Bratli’s notes, shown to the tribunal said the evidence before it suggested “it could not”.

In addition, the expert welcomed the development of a Defence Forces Ombudsman in 2005 as a “really good thing” – but said this was “late” compared with other countries and had limitations around time, its “reactive design” and “non-binding recommendations”.

He said none of the processes, including the ombudsman, provided a fully independent, proactively monitoring, systemically analytical oversight function – as seen in other countries such as Norway.

Bratli’s report said the most consistent finding across all processes is the gap between what was formally required and what was experienced in practice by personnel.

Not kept pace

Bratli said that the IRG report in 2023 showed that the culture within the organisation had not kept pace with the formal procedural framework being substantially developed by 2015.

The witness’s report said that procedures that exist on paper but that are not used or trusted or are actively circumvented by institutional culture “do not constitute an adequate complaints system”.

Bratli’s report posed the question about whether the system, in practice, provided personnel who had suffered harm with an accessible independent and effective means of seeking justice.

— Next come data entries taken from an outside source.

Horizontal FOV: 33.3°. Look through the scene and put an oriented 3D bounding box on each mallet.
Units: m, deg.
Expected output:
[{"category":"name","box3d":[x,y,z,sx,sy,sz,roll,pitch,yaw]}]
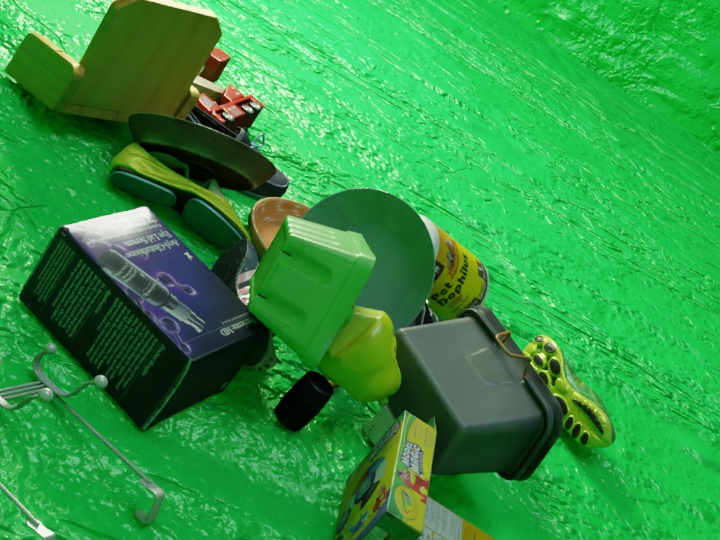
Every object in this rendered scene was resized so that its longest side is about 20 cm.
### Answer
[{"category":"mallet","box3d":[-0.042,0.140,1.394,0.041,0.066,0.200,45,12,9]}]

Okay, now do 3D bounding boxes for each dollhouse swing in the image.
[{"category":"dollhouse swing","box3d":[-0.309,-0.289,1.540,0.200,0.176,0.182,2,27,-48]}]

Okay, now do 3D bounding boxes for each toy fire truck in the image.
[{"category":"toy fire truck","box3d":[-0.221,-0.263,1.796,0.141,0.049,0.200,40,27,6]}]

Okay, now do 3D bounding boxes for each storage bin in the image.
[{"category":"storage bin","box3d":[0.116,0.138,1.372,0.134,0.146,0.200,-2,44,-37]}]

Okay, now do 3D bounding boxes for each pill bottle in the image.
[{"category":"pill bottle","box3d":[0.086,-0.007,1.645,0.200,0.109,0.109,34,21,-46]}]

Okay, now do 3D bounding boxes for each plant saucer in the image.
[{"category":"plant saucer","box3d":[0.000,0.000,1.484,0.201,0.201,0.039,48,5,21]},{"category":"plant saucer","box3d":[-0.068,-0.018,1.606,0.200,0.037,0.200,30,27,-17]},{"category":"plant saucer","box3d":[-0.207,-0.146,1.538,0.199,0.035,0.200,19,-10,3]}]

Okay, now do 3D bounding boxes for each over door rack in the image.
[{"category":"over door rack","box3d":[-0.272,0.147,1.053,0.200,0.067,0.148,48,29,20]}]

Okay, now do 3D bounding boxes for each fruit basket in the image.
[{"category":"fruit basket","box3d":[-0.020,0.045,1.311,0.215,0.156,0.216,30,6,-4]}]

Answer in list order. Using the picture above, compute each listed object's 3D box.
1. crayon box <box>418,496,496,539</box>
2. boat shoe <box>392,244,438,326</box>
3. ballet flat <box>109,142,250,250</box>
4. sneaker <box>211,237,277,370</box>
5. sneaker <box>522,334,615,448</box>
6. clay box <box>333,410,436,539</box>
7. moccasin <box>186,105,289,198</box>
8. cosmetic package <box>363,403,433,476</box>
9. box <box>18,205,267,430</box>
[{"category":"crayon box","box3d":[0.108,0.324,1.257,0.200,0.052,0.126,33,27,-8]},{"category":"boat shoe","box3d":[0.060,0.046,1.534,0.074,0.201,0.093,5,-10,45]},{"category":"ballet flat","box3d":[-0.216,-0.097,1.505,0.199,0.067,0.067,29,54,-10]},{"category":"sneaker","box3d":[-0.134,0.042,1.412,0.082,0.070,0.200,43,24,-28]},{"category":"sneaker","box3d":[0.294,0.179,1.718,0.084,0.074,0.200,37,18,-53]},{"category":"clay box","box3d":[0.024,0.230,1.232,0.048,0.115,0.200,33,26,-9]},{"category":"moccasin","box3d":[-0.181,-0.166,1.668,0.199,0.068,0.081,27,28,-20]},{"category":"cosmetic package","box3d":[0.099,0.199,1.448,0.200,0.051,0.083,1,41,-51]},{"category":"box","box3d":[-0.222,0.044,1.239,0.200,0.104,0.148,43,26,12]}]
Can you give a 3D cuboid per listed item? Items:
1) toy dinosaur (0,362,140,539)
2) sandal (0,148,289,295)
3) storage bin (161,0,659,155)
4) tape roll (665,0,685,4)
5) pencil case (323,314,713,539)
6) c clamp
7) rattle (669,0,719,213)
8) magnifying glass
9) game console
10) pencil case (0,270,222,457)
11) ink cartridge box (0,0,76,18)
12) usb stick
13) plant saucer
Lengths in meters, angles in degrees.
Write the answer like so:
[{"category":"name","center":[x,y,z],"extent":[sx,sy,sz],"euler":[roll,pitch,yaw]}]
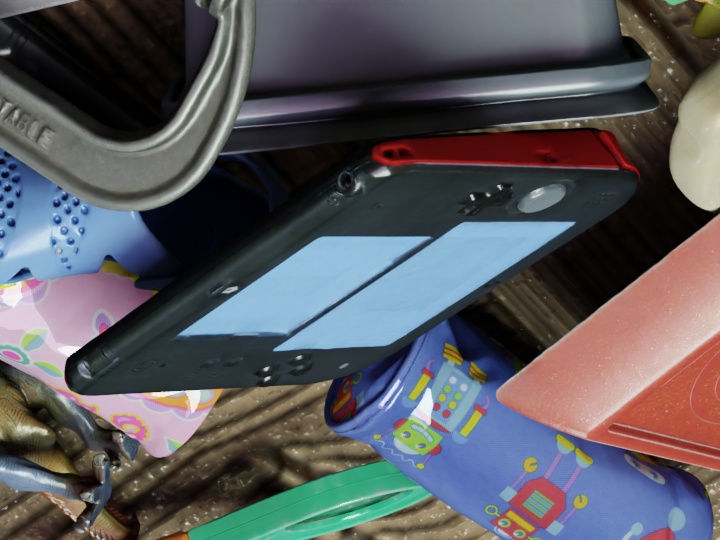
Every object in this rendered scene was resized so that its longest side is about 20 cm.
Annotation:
[{"category":"toy dinosaur","center":[-0.199,0.070,1.356],"extent":[0.181,0.105,0.200],"euler":[15,139,9]},{"category":"sandal","center":[-0.108,-0.028,1.204],"extent":[0.200,0.080,0.087],"euler":[4,170,-26]},{"category":"storage bin","center":[0.015,-0.129,1.192],"extent":[0.200,0.146,0.134],"euler":[-4,101,2]},{"category":"tape roll","center":[0.101,-0.199,1.087],"extent":[0.048,0.200,0.200],"euler":[-21,126,14]},{"category":"pencil case","center":[0.076,0.085,1.376],"extent":[0.200,0.087,0.078],"euler":[34,117,-24]},{"category":"c clamp","center":[-0.117,-0.126,1.129],"extent":[0.200,0.027,0.171],"euler":[39,106,5]},{"category":"rattle","center":[0.162,-0.088,1.276],"extent":[0.130,0.143,0.200],"euler":[-59,159,-3]},{"category":"magnifying glass","center":[-0.060,0.128,1.407],"extent":[0.200,0.022,0.080],"euler":[-16,168,3]},{"category":"game console","center":[0.000,0.000,1.189],"extent":[0.200,0.031,0.177],"euler":[-35,163,36]},{"category":"pencil case","center":[-0.145,0.001,1.275],"extent":[0.200,0.087,0.087],"euler":[31,120,-19]},{"category":"ink cartridge box","center":[-0.226,-0.173,1.173],"extent":[0.200,0.045,0.176],"euler":[-12,117,7]},{"category":"usb stick","center":[-0.132,-0.069,1.283],"extent":[0.200,0.033,0.055],"euler":[37,113,-26]},{"category":"plant saucer","center":[0.191,0.028,1.311],"extent":[0.200,0.037,0.200],"euler":[-40,148,24]}]
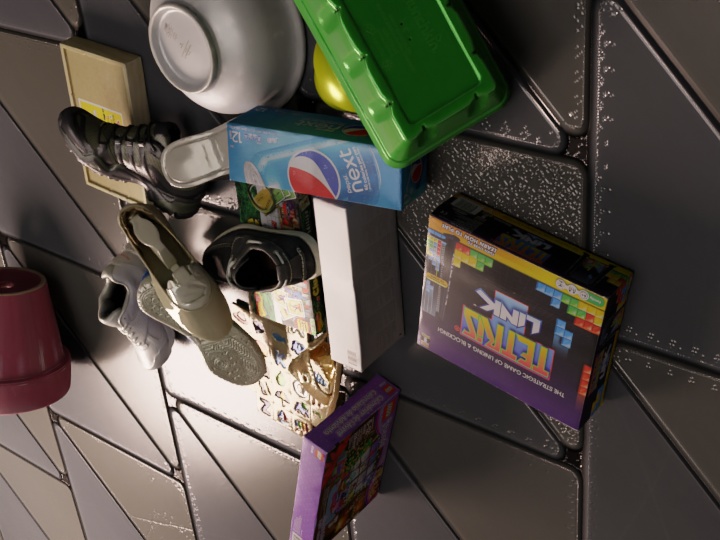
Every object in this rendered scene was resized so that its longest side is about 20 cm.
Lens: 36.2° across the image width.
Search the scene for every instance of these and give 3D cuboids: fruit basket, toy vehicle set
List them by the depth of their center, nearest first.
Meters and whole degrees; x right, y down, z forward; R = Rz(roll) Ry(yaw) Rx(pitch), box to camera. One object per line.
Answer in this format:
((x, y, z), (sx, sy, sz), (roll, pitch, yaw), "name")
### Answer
((0.026, -0.204, 1.002), (0.218, 0.154, 0.216), (60, -178, -4), "fruit basket")
((-0.316, -0.186, 1.399), (0.123, 0.026, 0.203), (23, 131, 32), "toy vehicle set")

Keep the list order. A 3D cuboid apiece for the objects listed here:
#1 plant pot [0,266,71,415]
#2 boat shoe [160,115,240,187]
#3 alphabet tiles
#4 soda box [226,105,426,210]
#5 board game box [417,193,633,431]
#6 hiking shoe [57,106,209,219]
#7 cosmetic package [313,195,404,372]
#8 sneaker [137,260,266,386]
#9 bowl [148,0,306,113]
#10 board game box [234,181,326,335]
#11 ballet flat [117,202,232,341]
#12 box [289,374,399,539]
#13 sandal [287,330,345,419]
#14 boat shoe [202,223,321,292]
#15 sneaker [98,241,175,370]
((-0.550, 0.100, 1.714), (0.198, 0.199, 0.182), (18, 112, 35), "plant pot")
((-0.129, -0.134, 1.227), (0.197, 0.060, 0.075), (-12, 101, 29), "boat shoe")
((-0.101, 0.125, 1.423), (0.165, 0.006, 0.203), (24, 131, 31), "alphabet tiles")
((-0.035, -0.115, 1.110), (0.197, 0.068, 0.065), (11, 117, 24), "soda box")
((0.153, 0.039, 1.081), (0.198, 0.056, 0.167), (27, 131, 29), "board game box")
((-0.262, -0.152, 1.321), (0.198, 0.076, 0.101), (31, 121, -14), "hiking shoe")
((0.000, 0.000, 1.182), (0.050, 0.082, 0.203), (20, 128, 36), "cosmetic package")
((-0.197, 0.056, 1.419), (0.199, 0.112, 0.077), (39, 110, -18), "sneaker")
((-0.158, -0.247, 1.158), (0.199, 0.090, 0.204), (24, 131, 30), "bowl")
((-0.095, -0.026, 1.297), (0.104, 0.023, 0.203), (17, 126, 38), "board game box")
((-0.223, -0.002, 1.309), (0.201, 0.069, 0.070), (50, 140, 14), "ballet flat")
((-0.020, 0.237, 1.321), (0.039, 0.136, 0.202), (31, 135, 24), "box")
((-0.053, 0.128, 1.310), (0.068, 0.078, 0.214), (6, 131, 3), "sandal")
((-0.129, -0.010, 1.273), (0.198, 0.067, 0.073), (1, 117, 49), "boat shoe")
((-0.318, 0.060, 1.515), (0.077, 0.099, 0.203), (18, 128, 34), "sneaker")
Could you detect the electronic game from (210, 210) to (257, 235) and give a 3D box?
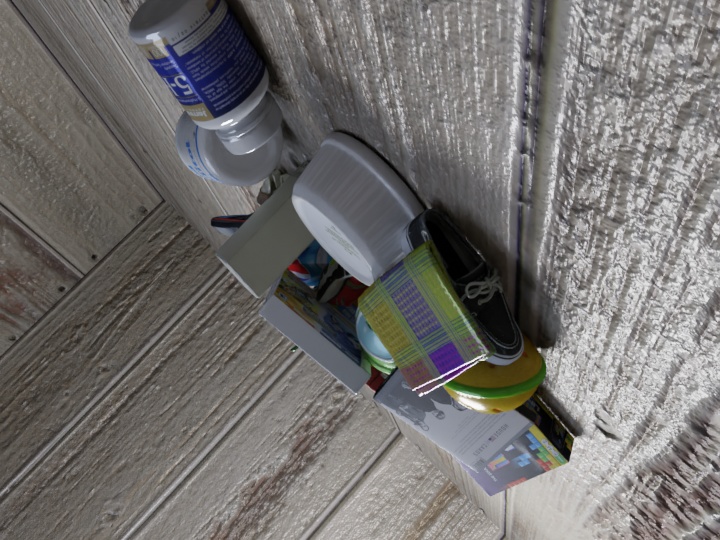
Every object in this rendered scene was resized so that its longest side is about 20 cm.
[{"bbox_3d":[-0.169,-0.087,1.338,0.199,0.195,0.043,-161,70,-66],"label":"electronic game"}]

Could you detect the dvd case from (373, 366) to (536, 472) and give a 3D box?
[{"bbox_3d":[0.133,0.197,1.085,0.198,0.025,0.151,34,130,-2],"label":"dvd case"}]

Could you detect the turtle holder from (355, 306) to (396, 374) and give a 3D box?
[{"bbox_3d":[0.066,0.090,1.124,0.187,0.138,0.134,-115,9,-46],"label":"turtle holder"}]

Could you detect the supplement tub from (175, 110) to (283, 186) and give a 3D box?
[{"bbox_3d":[-0.206,-0.201,1.150,0.133,0.132,0.199,50,167,-23],"label":"supplement tub"}]

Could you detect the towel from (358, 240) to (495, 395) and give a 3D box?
[{"bbox_3d":[0.070,0.061,0.867,0.145,0.023,0.200,57,151,7],"label":"towel"}]

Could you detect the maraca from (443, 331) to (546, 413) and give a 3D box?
[{"bbox_3d":[0.153,0.113,0.953,0.200,0.134,0.110,-144,46,-66],"label":"maraca"}]

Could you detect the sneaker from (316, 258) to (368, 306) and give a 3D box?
[{"bbox_3d":[0.000,0.000,1.193,0.083,0.079,0.200,17,150,-21],"label":"sneaker"}]

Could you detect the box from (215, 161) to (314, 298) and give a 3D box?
[{"bbox_3d":[-0.117,-0.063,1.120,0.083,0.200,0.068,50,168,-29],"label":"box"}]

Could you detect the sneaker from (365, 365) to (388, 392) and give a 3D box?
[{"bbox_3d":[0.072,0.215,1.298,0.199,0.078,0.116,40,166,40],"label":"sneaker"}]

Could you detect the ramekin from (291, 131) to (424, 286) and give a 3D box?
[{"bbox_3d":[-0.004,-0.069,0.959,0.202,0.094,0.203,44,168,12],"label":"ramekin"}]

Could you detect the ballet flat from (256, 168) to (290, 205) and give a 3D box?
[{"bbox_3d":[-0.129,-0.138,1.295,0.198,0.067,0.069,22,136,52],"label":"ballet flat"}]

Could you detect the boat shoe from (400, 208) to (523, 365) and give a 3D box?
[{"bbox_3d":[0.126,0.016,0.850,0.202,0.073,0.068,57,152,4],"label":"boat shoe"}]

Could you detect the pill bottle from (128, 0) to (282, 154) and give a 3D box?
[{"bbox_3d":[-0.183,-0.249,0.932,0.119,0.120,0.201,32,162,48],"label":"pill bottle"}]

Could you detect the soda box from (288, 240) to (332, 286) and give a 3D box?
[{"bbox_3d":[-0.096,-0.018,1.322,0.196,0.069,0.065,-2,141,34],"label":"soda box"}]

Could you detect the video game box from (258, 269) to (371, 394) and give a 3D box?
[{"bbox_3d":[-0.067,0.092,1.211,0.199,0.047,0.182,41,-172,-9],"label":"video game box"}]

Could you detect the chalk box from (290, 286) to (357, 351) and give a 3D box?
[{"bbox_3d":[-0.049,0.084,1.374,0.124,0.200,0.125,44,170,-5],"label":"chalk box"}]

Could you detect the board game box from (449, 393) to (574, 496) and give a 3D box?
[{"bbox_3d":[0.196,0.231,1.133,0.200,0.057,0.165,47,128,-6],"label":"board game box"}]
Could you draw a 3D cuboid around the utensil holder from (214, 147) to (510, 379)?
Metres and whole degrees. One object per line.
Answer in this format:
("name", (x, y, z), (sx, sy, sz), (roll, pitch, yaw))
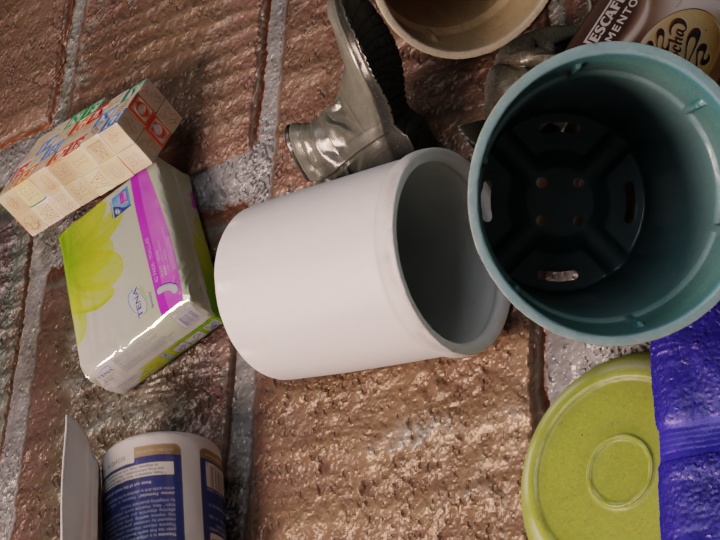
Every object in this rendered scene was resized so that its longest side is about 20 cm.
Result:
("utensil holder", (0.000, 0.000, 1.212), (0.199, 0.170, 0.171), (-12, 62, 37))

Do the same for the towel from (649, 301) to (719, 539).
("towel", (0.273, 0.100, 0.991), (0.146, 0.050, 0.202), (-7, 62, 18))

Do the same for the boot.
("boot", (-0.019, -0.142, 1.297), (0.130, 0.201, 0.068), (-17, 15, 29))

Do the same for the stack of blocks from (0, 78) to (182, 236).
("stack of blocks", (-0.285, -0.128, 1.542), (0.199, 0.059, 0.116), (-25, 28, 34))

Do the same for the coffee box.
("coffee box", (0.262, -0.150, 1.124), (0.200, 0.080, 0.114), (35, 94, 43))

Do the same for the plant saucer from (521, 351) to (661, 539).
("plant saucer", (0.198, 0.151, 1.068), (0.199, 0.031, 0.202), (-18, 59, 33))

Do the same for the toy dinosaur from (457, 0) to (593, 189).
("toy dinosaur", (0.141, -0.162, 1.232), (0.102, 0.077, 0.202), (7, 74, 41))

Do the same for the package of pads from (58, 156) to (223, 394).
("package of pads", (-0.227, 0.007, 1.463), (0.154, 0.068, 0.201), (-36, 50, 20))

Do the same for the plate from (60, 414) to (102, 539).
("plate", (-0.244, 0.264, 1.280), (0.201, 0.032, 0.201), (-105, 16, -57))

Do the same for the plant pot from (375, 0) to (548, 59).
("plant pot", (0.059, -0.317, 1.314), (0.201, 0.200, 0.183), (-54, 36, 6))

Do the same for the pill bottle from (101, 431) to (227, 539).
("pill bottle", (-0.171, 0.253, 1.270), (0.110, 0.111, 0.201), (-25, 55, 28))

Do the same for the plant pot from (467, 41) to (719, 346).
("plant pot", (0.163, -0.052, 1.052), (0.201, 0.199, 0.196), (-61, 4, -1))

He said that, for most of the period under review, the “honest answer to the question is no”.

Massive task

Wednesday’s hearing was led by the tribunal’s sole member Court of Appeal judge Ms Justice Ann Power.

Earlier in proceedings, Michael Cush, SC, for the tribunal, said it had reviewed 226,000 pages of materials.

He said it found it necessary to investigate every complaint file arising from every complaint made over the 41-year-period, which he described as a “massive task”.

He explained that there had been hundreds of interviews and the process remains ongoing.

Cush told those gathered that other tribunals had focused on single events, people, or narrower timeframes and said “the sheer scale of the task at hand cannot be overstated”.

He said the tribunal may therefore exercise discretion in calling witnesses and decide a sample of evidence is sufficient to make conclusions.

The tribunal is not tasked with investigating or determining whether complaints are well-founded, and cannot make findings of a criminal nature against individuals.

Alleged perpetrators of abuse will be granted anonymity under the processes of the tribunal.

The IRG surveyed 527 serving members of the Defence Forces, representing about 6% of the total force.

Almost 90% of female respondents to the IRG said they had experienced some form of sexual harassment, while the review found a “discernible pattern of rape and sexual assault” in its analysis of participants’ contributions.

More than a third of respondents said they faced bullying within the Defence Forces.

The Defence Forces’ own Value Our People survey of 5,300 individuals last year – representing 60% of the force – found three-quarters did not experience unacceptable behaviour while 8% said it was a regular experience around them.